Results from the first human test of a gene-editing therapy were reported by Sangamo Therapeutics, a biotech company based in Richmond, California, on 5 September at the annual meeting of the Society for the Study of Inborn Errors of Metabolism in Athens. Gene editing was carried out on four patients in an attempt to treat a genetic disorder called Hunter syndrome that often kills people in their teens. The first patient was treated in November last year and two patients of the four enrolled in the trial have started producing small amounts of a crucial enzyme.
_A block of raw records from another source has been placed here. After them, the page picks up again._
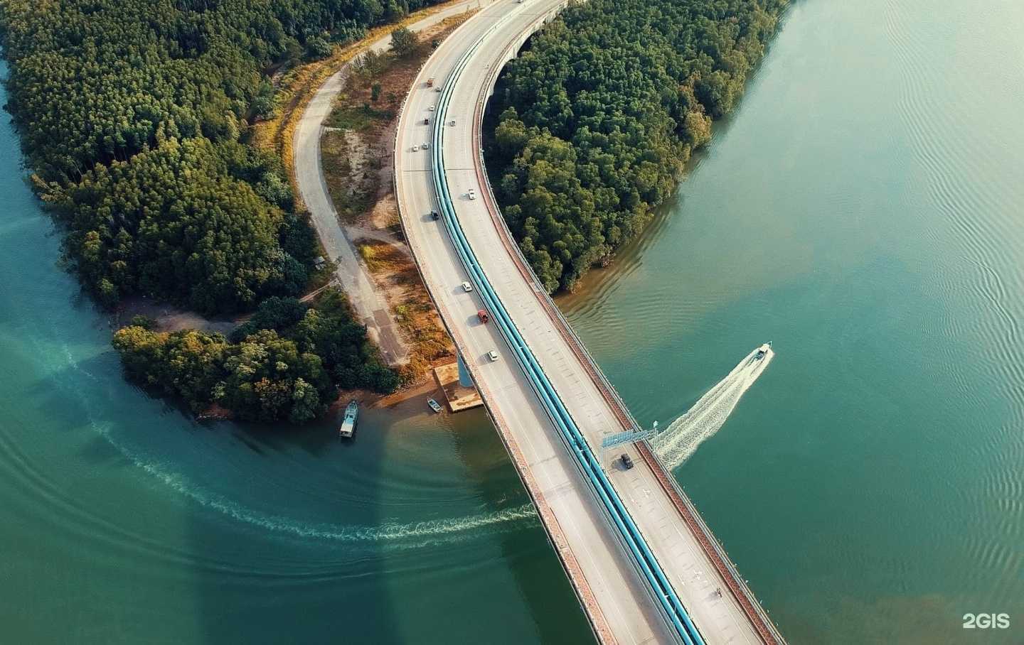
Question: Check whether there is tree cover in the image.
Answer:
Yes
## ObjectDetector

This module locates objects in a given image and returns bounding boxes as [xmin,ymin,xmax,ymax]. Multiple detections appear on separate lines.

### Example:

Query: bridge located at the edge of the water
[393,0,789,645]
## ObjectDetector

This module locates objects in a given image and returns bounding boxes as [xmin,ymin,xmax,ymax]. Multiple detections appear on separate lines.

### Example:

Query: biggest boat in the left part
[338,398,355,436]
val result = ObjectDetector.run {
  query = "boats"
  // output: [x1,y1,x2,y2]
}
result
[756,339,773,359]
[338,398,355,436]
[428,398,443,414]

Hunter syndrome is a rare metabolic disorder caused by a mutation in the genome that disables iduronate-2-sulfatase (IDS), an enzyme responsible for breaking down certain complex sugars called glycosaminoglycans (GAGs). A buildup of these sugars can lead to damage of the lungs, heart, and brain and sometimes developmental delays and early death.
Gene editing, allows DNA to be altered by adding, removing, or modifying genetic material at a particular location in the genome. In this case, the treatment uses a gene-editing tool called zinc finger nucleases (ZFNs), which was developed earlier than CRISPR and is not considered “true” gene editing by some since it uses enzymes to rewrite the mutation.
The gene-editing enzymes are delivered into the cells of patients using a virus. The harmless virus is used to transport DNA for the nucleases into the liver cells, along with a good copy of the IDS gene. The nucleases then snip the DNA of cells in a specific location ― within the gene encoding for the protein albumin, which controls the IDS gene ― and the cells are then able to repair the mutation using the new copy of the IDS gene. Researchers will still need to confirm that the IDS genes are being inserted in the right place. Insertion of the gene in unintended locations could potentially trigger another disease like cancer.
No serious adverse effects have been reported so far and the results seem promising. While it is still too early to determine whether the therapy is working, so far, signs suggest the treatment has reduced levels of a biochemical marker used to assess the severity of Hunter Syndrome in patients. In two of the patients treated with medium doses, a decrease in the levels of GAGs ― by 39% and 63% ― in their urine was observed. However, no changes were experienced in the other two patients treated with a lower dose.
The data is difficult to interpret because the patients continued their usual IDS-replacement therapy while also receiving the gene therapy. Moreover, whereas the decrease in GAGs suggests some IDS expression, a lack of the IDS enzyme in the blood of patients seems to contradict this result. Sangamo suggests the standard assay for IDS may not be sensitive enough to pick up on low levels but others are sceptical. Sangamo is still a long way from proving the therapy works. The uncertainty of these results was accompanied by a drop of 22% in the company’s stock price of 22% shortly following the presentation.
An additional two patients have just received a higher dose of the gene therapy. The next step for Sangamo will be to take the middle-dose patients off their enzyme replacement therapy and observe whether their GAG levels remain low.